§ EXERCISE OBJECTIVE
Within the data below, state how many lines contain the string "probe". Provide the number only.

§ DATA LISTING
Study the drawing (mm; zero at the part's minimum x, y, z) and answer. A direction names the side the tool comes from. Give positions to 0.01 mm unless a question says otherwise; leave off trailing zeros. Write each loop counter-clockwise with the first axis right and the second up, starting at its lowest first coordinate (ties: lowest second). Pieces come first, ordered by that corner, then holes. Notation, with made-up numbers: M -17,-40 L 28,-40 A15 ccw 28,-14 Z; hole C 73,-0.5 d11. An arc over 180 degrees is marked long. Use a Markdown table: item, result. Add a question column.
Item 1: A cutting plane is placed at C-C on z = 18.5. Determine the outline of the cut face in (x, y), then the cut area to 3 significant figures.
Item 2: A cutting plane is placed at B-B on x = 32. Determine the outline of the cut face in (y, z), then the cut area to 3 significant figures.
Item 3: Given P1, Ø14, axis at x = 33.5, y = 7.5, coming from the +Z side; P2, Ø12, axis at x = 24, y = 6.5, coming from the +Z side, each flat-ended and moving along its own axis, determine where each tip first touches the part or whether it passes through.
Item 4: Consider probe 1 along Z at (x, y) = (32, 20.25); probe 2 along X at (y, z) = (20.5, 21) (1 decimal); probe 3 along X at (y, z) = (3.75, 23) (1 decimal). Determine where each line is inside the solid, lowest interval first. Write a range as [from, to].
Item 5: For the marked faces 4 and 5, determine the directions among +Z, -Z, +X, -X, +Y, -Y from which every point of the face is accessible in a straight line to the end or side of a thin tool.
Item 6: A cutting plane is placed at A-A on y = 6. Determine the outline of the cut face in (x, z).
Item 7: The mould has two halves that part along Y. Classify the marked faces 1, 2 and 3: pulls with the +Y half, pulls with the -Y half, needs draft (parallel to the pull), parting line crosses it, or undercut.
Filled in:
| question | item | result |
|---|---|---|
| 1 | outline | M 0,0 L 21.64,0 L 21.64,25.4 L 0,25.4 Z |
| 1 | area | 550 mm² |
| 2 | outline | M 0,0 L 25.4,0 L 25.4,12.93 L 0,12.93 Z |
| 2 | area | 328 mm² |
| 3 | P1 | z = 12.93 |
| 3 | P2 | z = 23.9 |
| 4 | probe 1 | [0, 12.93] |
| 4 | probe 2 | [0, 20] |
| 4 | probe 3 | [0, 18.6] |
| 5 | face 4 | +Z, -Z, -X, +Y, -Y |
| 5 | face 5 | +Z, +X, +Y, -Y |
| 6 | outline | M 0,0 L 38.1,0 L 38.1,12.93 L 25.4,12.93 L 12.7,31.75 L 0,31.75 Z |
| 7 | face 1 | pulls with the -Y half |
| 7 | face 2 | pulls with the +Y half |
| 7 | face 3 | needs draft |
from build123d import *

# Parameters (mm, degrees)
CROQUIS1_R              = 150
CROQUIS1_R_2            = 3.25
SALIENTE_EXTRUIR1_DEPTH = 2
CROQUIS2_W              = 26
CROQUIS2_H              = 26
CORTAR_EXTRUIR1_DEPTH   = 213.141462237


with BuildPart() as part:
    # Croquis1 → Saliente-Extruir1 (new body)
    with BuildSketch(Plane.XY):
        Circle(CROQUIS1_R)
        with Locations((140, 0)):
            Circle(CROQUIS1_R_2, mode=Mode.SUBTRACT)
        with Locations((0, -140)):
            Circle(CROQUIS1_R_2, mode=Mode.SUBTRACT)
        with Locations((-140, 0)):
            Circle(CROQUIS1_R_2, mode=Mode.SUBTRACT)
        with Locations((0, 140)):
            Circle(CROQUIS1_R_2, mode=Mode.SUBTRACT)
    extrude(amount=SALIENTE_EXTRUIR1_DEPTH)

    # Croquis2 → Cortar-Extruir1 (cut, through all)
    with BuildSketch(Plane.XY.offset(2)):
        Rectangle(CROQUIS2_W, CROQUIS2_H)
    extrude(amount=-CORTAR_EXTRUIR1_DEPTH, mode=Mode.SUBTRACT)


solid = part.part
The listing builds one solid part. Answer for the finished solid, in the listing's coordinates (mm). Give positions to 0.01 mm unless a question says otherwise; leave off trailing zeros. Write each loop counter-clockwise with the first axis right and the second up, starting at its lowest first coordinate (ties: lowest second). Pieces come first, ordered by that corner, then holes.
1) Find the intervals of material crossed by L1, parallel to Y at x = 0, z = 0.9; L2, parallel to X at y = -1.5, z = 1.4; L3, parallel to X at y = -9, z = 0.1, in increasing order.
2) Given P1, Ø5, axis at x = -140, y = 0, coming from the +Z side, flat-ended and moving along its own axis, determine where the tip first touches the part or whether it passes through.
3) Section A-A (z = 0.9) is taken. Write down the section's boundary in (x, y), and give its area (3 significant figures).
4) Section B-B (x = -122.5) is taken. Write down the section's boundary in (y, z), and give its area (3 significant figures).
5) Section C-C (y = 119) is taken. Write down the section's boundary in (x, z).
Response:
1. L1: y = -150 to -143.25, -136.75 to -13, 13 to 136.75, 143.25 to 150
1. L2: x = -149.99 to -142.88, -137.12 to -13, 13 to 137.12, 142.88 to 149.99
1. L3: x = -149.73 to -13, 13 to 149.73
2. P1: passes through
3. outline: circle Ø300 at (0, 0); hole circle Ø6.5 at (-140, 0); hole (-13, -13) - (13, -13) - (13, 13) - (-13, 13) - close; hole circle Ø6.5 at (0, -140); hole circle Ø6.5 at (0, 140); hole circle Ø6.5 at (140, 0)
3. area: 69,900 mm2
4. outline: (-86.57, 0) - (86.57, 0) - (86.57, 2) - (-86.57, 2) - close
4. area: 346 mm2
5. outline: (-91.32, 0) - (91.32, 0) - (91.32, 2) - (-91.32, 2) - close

§ SOLUTION TO THE PROBLEM
4